PROBLEM DETAILS ::
Report back every line below that carries the word "with".

Extracted data entries ::

Start of Block

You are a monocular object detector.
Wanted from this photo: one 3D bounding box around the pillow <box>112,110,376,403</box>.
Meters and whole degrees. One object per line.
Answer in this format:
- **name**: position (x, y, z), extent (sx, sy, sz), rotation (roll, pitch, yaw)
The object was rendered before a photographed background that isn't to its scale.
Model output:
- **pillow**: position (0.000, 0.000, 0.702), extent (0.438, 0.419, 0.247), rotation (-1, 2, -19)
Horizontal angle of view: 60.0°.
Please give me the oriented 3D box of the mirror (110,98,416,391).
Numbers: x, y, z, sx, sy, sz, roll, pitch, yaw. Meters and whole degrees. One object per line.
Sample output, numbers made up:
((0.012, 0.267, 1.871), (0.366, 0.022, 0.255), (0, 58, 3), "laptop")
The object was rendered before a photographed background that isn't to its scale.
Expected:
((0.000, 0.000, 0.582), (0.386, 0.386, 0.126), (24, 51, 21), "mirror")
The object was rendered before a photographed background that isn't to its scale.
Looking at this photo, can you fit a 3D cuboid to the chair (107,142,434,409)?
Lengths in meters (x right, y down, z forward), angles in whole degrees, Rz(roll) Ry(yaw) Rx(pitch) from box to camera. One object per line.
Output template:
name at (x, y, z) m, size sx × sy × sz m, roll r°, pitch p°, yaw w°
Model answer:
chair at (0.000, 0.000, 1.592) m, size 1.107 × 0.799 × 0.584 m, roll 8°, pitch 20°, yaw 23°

End of Block
Start of Block

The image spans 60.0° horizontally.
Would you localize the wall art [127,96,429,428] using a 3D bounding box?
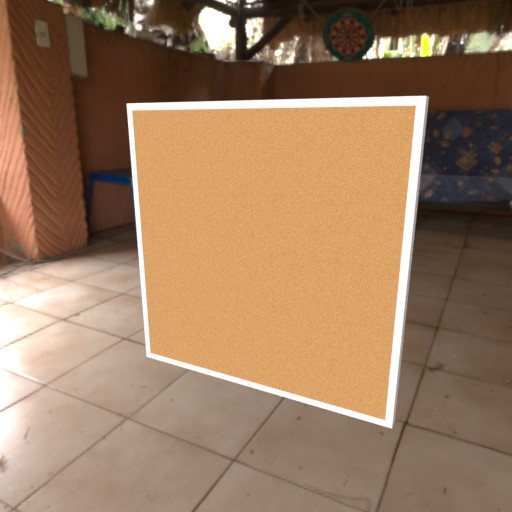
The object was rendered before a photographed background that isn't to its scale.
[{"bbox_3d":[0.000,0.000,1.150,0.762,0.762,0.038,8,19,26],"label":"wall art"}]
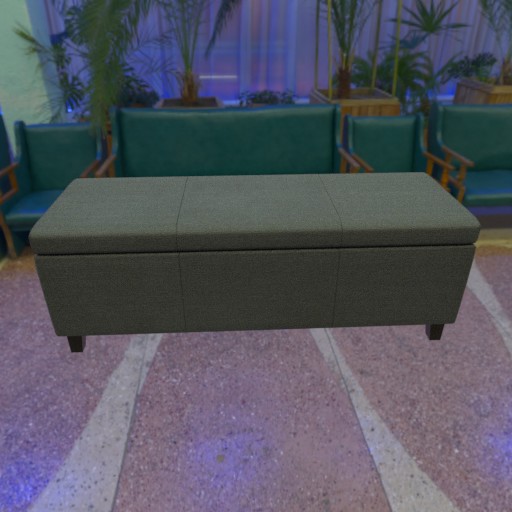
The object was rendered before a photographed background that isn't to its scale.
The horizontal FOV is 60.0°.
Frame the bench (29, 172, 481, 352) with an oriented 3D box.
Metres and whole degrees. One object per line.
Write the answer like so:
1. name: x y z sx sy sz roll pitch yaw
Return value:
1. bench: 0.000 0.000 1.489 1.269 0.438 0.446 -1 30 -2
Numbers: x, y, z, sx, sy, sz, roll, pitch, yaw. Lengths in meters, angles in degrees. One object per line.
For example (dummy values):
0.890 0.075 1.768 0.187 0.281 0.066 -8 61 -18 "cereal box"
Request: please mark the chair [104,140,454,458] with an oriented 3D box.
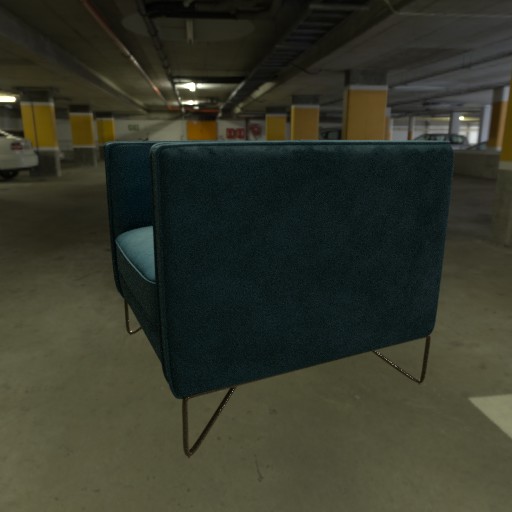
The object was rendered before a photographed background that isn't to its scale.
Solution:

End of Block
Start of Block

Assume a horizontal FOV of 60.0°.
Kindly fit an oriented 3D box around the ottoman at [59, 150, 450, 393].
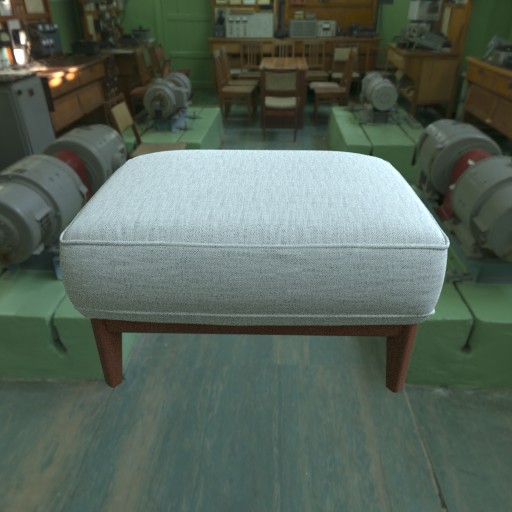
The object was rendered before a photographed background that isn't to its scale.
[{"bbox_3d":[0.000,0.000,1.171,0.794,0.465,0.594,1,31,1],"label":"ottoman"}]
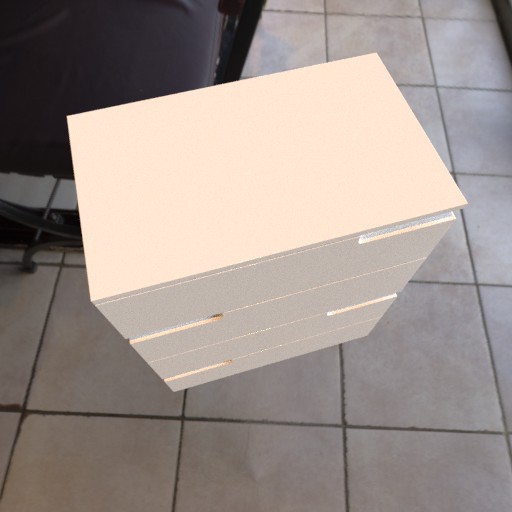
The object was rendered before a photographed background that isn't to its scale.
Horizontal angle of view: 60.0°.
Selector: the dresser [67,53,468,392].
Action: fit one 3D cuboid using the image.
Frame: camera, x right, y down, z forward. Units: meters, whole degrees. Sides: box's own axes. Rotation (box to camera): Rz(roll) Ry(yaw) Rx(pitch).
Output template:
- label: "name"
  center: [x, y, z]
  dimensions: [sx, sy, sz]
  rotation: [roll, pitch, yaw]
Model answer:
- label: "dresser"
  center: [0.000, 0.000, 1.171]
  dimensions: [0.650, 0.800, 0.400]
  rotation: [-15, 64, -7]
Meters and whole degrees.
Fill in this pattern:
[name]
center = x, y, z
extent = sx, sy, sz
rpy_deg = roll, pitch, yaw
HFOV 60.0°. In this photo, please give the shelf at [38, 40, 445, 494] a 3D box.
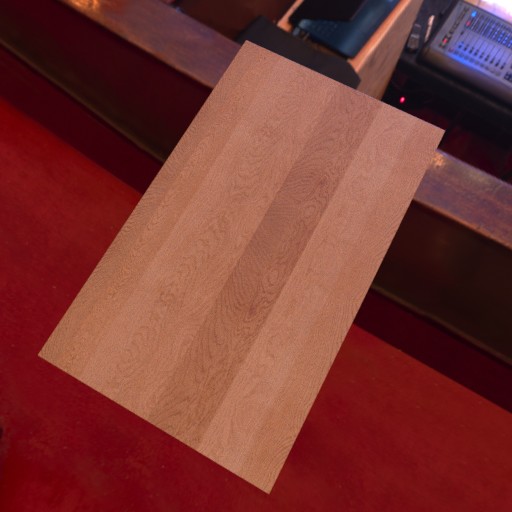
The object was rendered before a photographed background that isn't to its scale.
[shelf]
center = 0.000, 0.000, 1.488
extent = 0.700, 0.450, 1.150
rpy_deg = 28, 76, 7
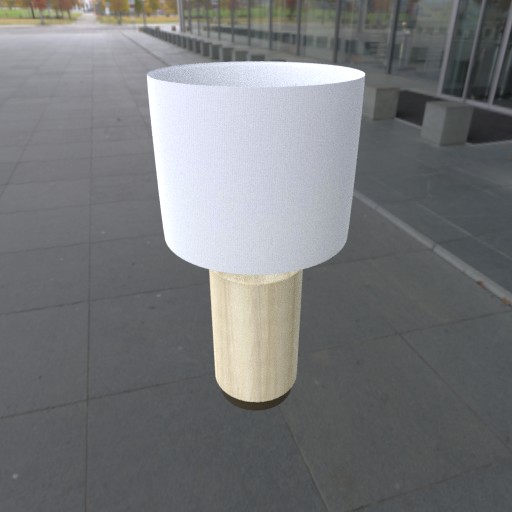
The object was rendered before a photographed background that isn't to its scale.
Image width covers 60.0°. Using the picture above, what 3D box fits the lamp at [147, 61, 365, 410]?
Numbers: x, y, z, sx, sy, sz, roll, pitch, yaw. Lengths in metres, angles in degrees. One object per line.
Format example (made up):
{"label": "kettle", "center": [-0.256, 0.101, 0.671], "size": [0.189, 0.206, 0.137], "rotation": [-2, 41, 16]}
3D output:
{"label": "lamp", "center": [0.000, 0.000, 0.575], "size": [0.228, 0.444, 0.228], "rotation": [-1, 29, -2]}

End of Block

ANSWER ::
Frame the bench (29, 172, 481, 352) with an oriented 3D box.
Request: please mark the chair [104,140,454,458] with an oriented 3D box.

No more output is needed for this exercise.